Problem statement
Nothing but the pictures should go missing; return all the entries below exactly.

Data in this exercise
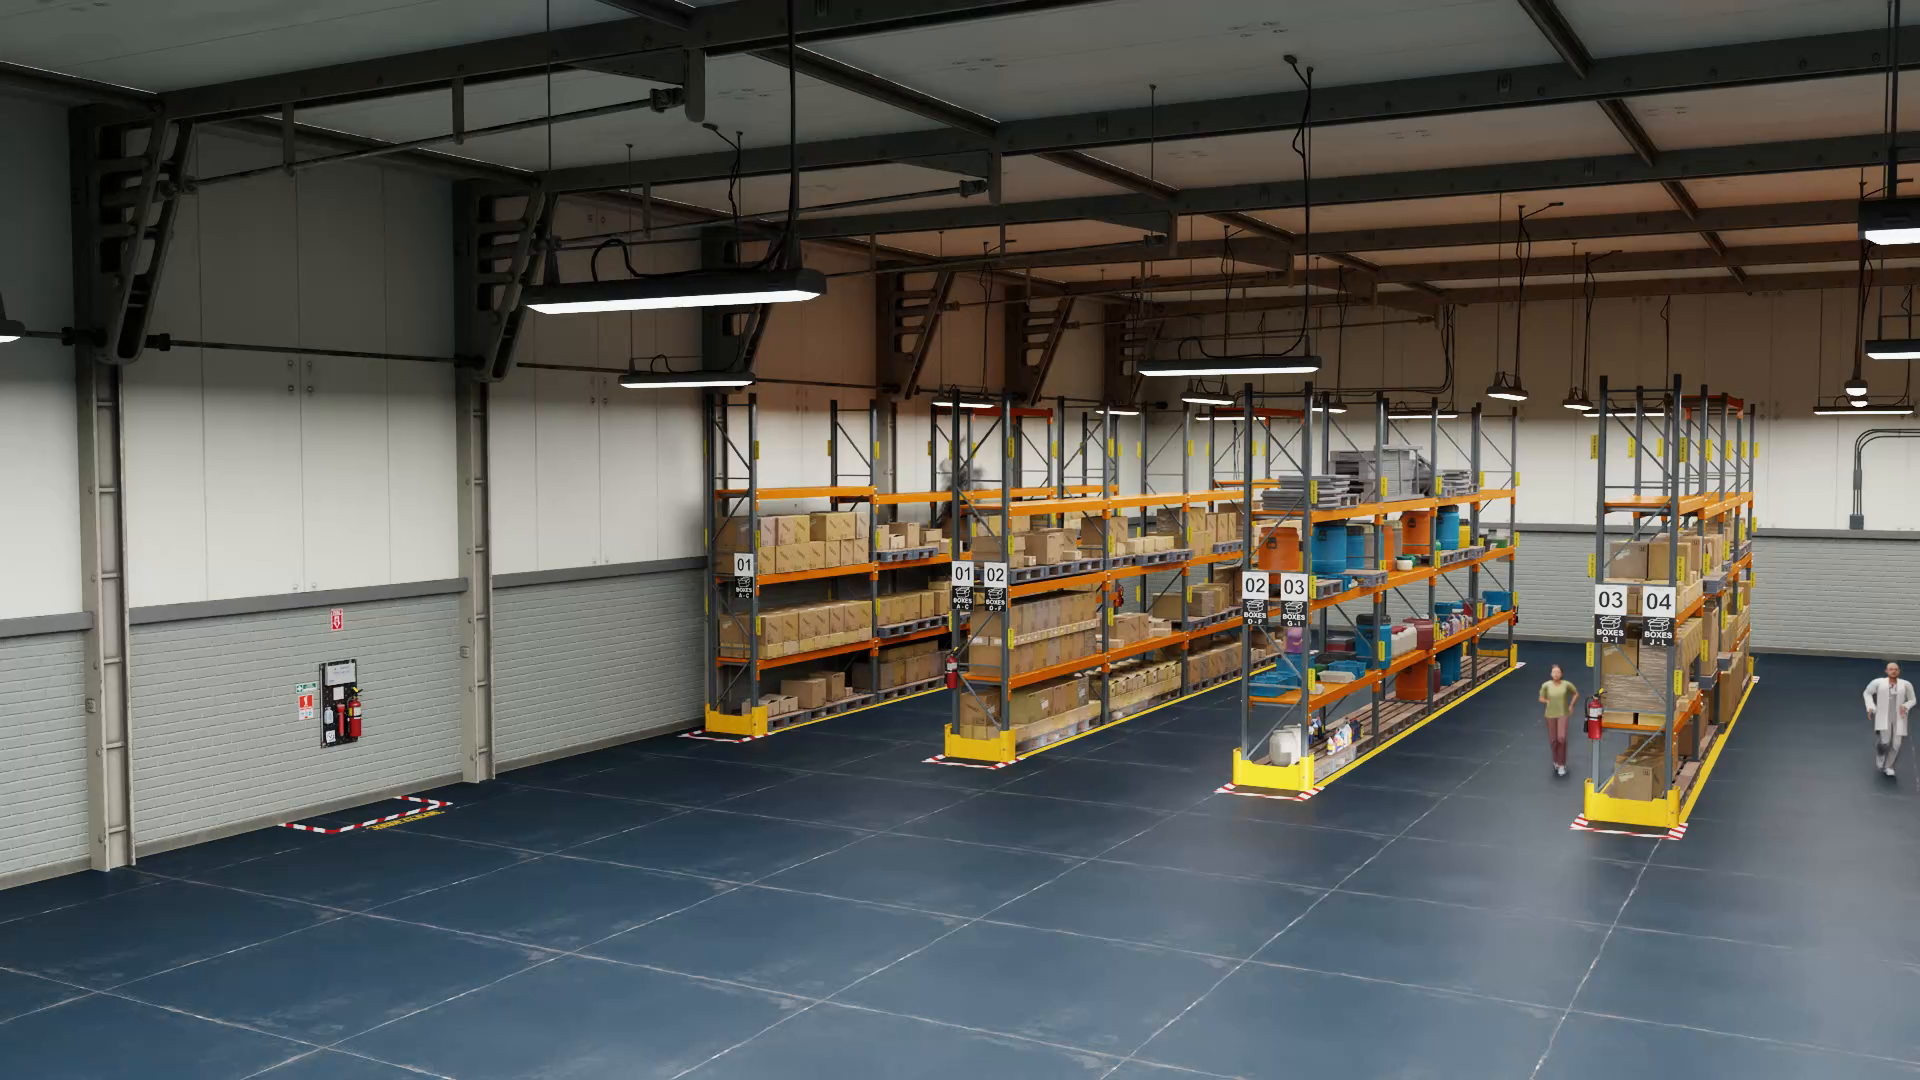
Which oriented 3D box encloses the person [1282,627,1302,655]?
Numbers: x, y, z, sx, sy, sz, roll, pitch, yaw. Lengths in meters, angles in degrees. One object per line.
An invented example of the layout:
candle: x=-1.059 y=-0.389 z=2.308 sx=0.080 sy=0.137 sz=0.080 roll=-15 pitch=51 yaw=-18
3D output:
person: x=6.906 y=2.334 z=34.297 sx=0.547 sy=1.597 sz=0.818 roll=1 pitch=3 yaw=22

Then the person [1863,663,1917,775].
person: x=14.297 y=2.754 z=25.541 sx=0.704 sy=1.732 sz=0.627 roll=1 pitch=3 yaw=21

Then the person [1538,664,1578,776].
person: x=9.268 y=2.783 z=25.811 sx=0.556 sy=1.705 sz=0.711 roll=2 pitch=3 yaw=28
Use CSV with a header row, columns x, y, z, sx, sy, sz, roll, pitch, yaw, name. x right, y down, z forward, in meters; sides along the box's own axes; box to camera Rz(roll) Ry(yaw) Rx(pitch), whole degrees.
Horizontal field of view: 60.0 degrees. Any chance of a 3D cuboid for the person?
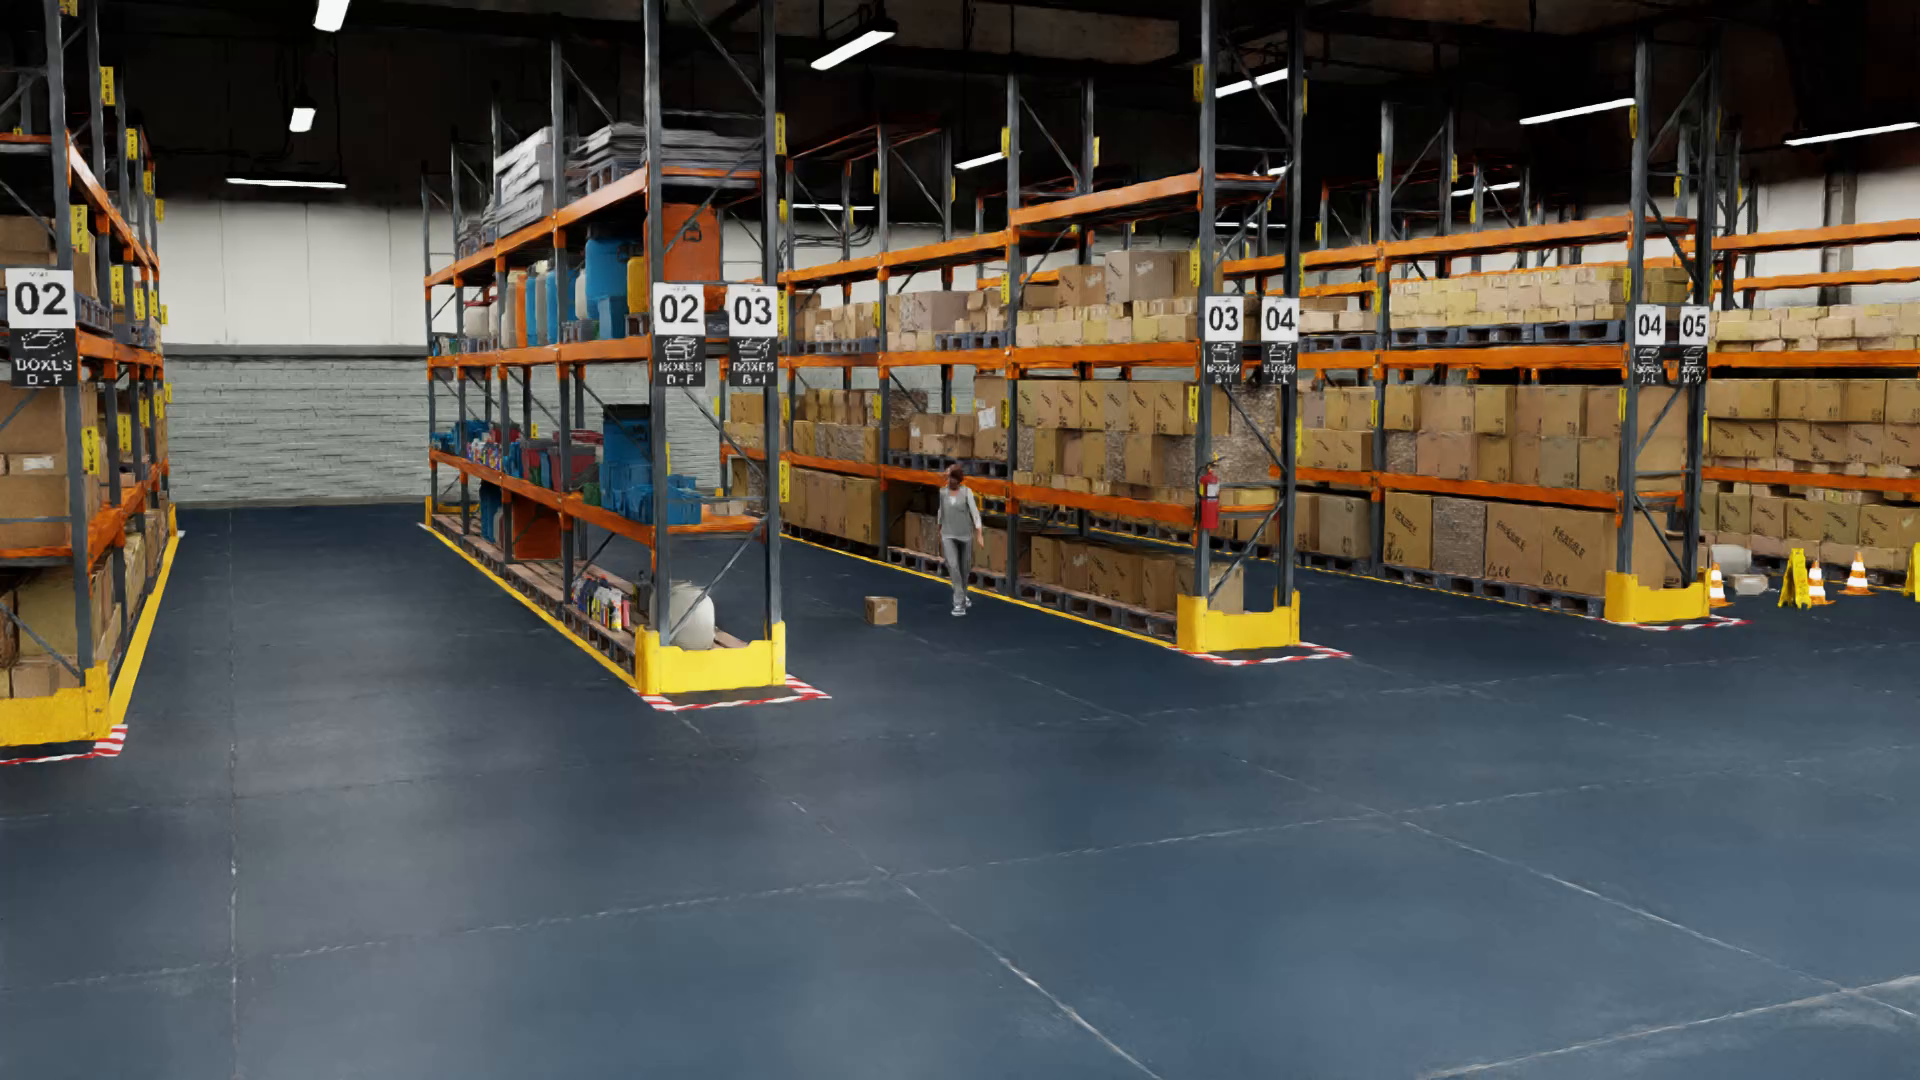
x,y,z,sx,sy,sz,roll,pitch,yaw,name
-5.457,-2.901,24.112,28.449,5.979,13.928,0,6,4,person

Solved problem
Which oriented 3D box encloses the person [1282,627,1302,655]?
Numbers: x, y, z, sx, sy, sz, roll, pitch, yaw. Lengths in meters, angles in degrees. One object per line.
An invented example of the layout:
candle: x=-1.059 y=-0.389 z=2.308 sx=0.080 sy=0.137 sz=0.080 roll=-15 pitch=51 yaw=-18
3D output:
person: x=6.906 y=2.334 z=34.297 sx=0.547 sy=1.597 sz=0.818 roll=1 pitch=3 yaw=22

Then the person [1863,663,1917,775].
person: x=14.297 y=2.754 z=25.541 sx=0.704 sy=1.732 sz=0.627 roll=1 pitch=3 yaw=21

Then the person [1538,664,1578,776].
person: x=9.268 y=2.783 z=25.811 sx=0.556 sy=1.705 sz=0.711 roll=2 pitch=3 yaw=28
Use CSV with a header row, columns x, y, z, sx, sy, sz, roll, pitch, yaw, name. x right, y down, z forward, in meters; sides along the box's own axes; box to camera Rz(roll) Ry(yaw) Rx(pitch), whole degrees.
Horizontal field of view: 60.0 degrees. Any chance of a 3D cuboid for the person?
x,y,z,sx,sy,sz,roll,pitch,yaw,name
-5.457,-2.901,24.112,28.449,5.979,13.928,0,6,4,person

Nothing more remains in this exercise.